King Orry made her final crossing from Douglas on Saturday, 30 August 1975; to the traditional farwell from her sister's ship's whistles, at 15:00hrs.

On Bank Holiday Monday, 31 August 1975, King Orry carried her last passengers from Llandudno to Liverpool.

==Disposal==
King Orry was bought by R. Taylor and Son of Bury for breaking up, and was taken to Glasson Dock to await her fate. She was berthed alongside for more than two months and there were rumours that she might be resold to Greek interests.

However, during a severe storm on the night of Friday, 2 January 1976, whilst laid-up at Glasson Dock on the lower estuary, King Orry broke away from her berth and drifted aground in the Lune Estuary, coming to rest on the mud flats. A great deal of energy was spent trying to re-float her, until she was finally re-floated on 15 April 1976.

Lynch and Son of Rochester, Kent broke her up in 1979.

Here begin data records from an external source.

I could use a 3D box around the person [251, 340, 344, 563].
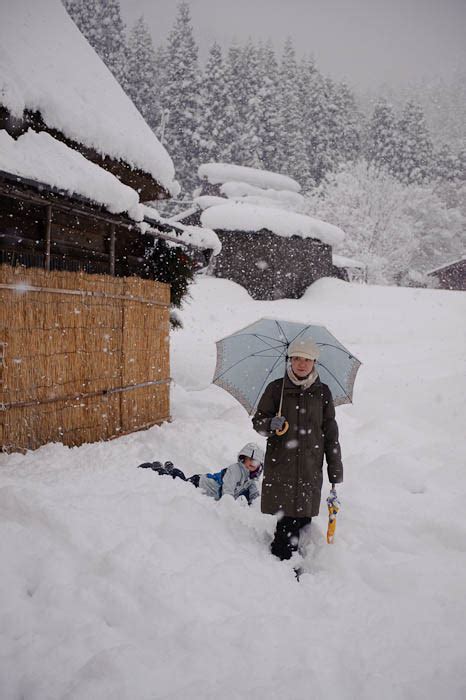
[{"bbox_3d":[0.487,0.763,4.563,0.738,1.211,0.395,6,4,-22],"label":"person"}]

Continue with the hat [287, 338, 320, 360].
[{"bbox_3d":[0.529,-0.008,4.446,0.190,0.115,0.180,6,5,-25],"label":"hat"}]

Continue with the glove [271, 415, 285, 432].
[{"bbox_3d":[0.324,0.541,4.315,0.083,0.086,0.091,10,5,25],"label":"glove"}]
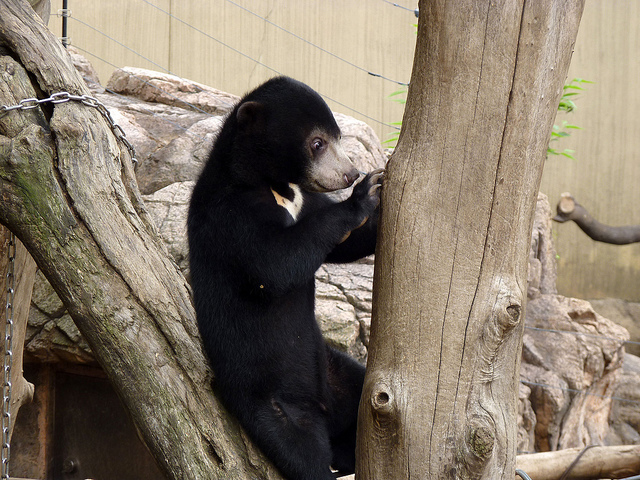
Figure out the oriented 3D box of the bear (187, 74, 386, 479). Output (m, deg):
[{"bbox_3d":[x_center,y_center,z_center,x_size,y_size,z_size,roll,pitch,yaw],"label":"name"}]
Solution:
[{"bbox_3d":[-0.263,0.241,7.290,1.128,2.085,0.522,1,0,-7],"label":"bear"}]
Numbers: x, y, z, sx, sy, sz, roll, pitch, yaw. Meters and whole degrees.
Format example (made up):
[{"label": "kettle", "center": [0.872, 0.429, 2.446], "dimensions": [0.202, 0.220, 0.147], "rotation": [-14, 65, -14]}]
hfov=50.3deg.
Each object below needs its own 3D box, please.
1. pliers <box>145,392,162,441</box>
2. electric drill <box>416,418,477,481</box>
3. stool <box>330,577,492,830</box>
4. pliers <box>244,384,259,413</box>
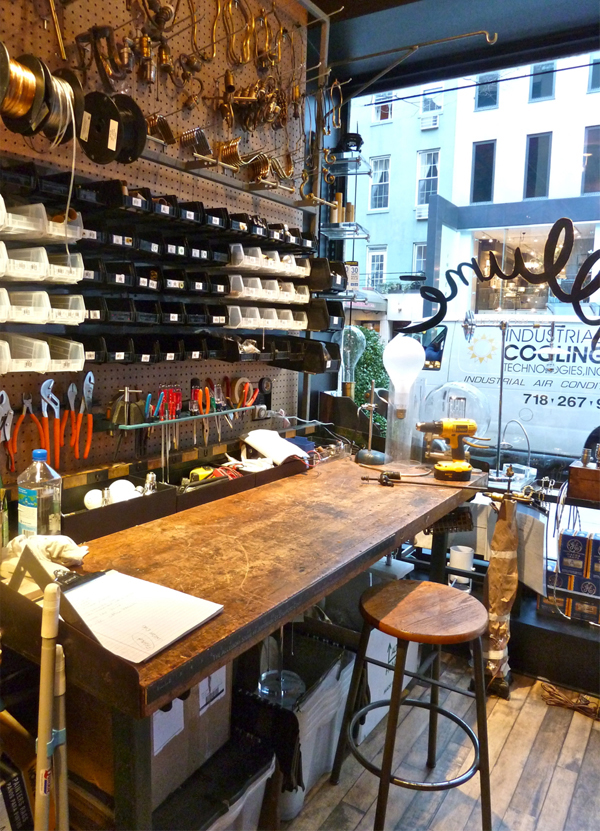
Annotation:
[{"label": "pliers", "center": [-0.483, -0.005, 2.079], "dimensions": [0.060, 0.158, 0.041], "rotation": [16, -25, -22]}, {"label": "electric drill", "center": [0.586, 0.129, 2.530], "dimensions": [0.224, 0.249, 0.113], "rotation": [-1, 6, -4]}, {"label": "stool", "center": [0.308, 0.806, 1.820], "dimensions": [0.411, 0.801, 0.460], "rotation": [4, 5, 34]}, {"label": "pliers", "center": [-0.200, -0.078, 2.622], "dimensions": [0.030, 0.148, 0.039], "rotation": [7, -14, 43]}]
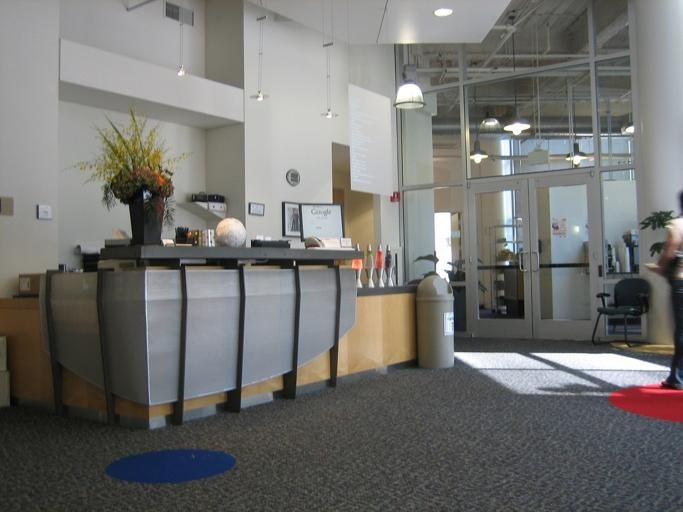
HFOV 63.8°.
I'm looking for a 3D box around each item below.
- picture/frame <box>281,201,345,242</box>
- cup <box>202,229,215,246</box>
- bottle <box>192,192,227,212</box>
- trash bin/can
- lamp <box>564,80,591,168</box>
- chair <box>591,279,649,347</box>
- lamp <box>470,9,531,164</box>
[{"bbox_3d":[-0.398,-0.467,7.413,0.590,0.453,0.124,0,-3,-20],"label":"picture/frame"},{"bbox_3d":[-1.258,-0.175,5.208,0.127,0.163,0.127,0,4,0],"label":"cup"},{"bbox_3d":[-2.103,-0.858,8.655,0.323,0.242,0.349,3,0,0],"label":"bottle"},{"bbox_3d":[1.221,0.852,7.157,0.440,1.153,0.214,-1,2,-7],"label":"trash bin/can"},{"bbox_3d":[4.093,-2.271,9.458,0.424,1.496,0.158,1,3,32],"label":"lamp"},{"bbox_3d":[4.448,0.844,8.698,0.637,1.070,0.710,2,-2,-12],"label":"chair"},{"bbox_3d":[2.956,-3.133,10.254,1.125,2.816,0.510,1,2,23],"label":"lamp"}]

King Orry's name was destined to survive. The breakers were approached by officials from the National Maritime Museum who purchased her starboard turbines, auxiliary machinery, a propeller and one of her three boilers. These were regarded as typical of the machinery used in the 1940s on cross-channel ships. On purchase the items were put into storage at Chatham Dockyard, the intention being to put them on display later at Greenwich. Subsequently, this occurred, and further information regarding her machinery arrangement and specifications were supplied by the Isle of Man Steam Packet Company.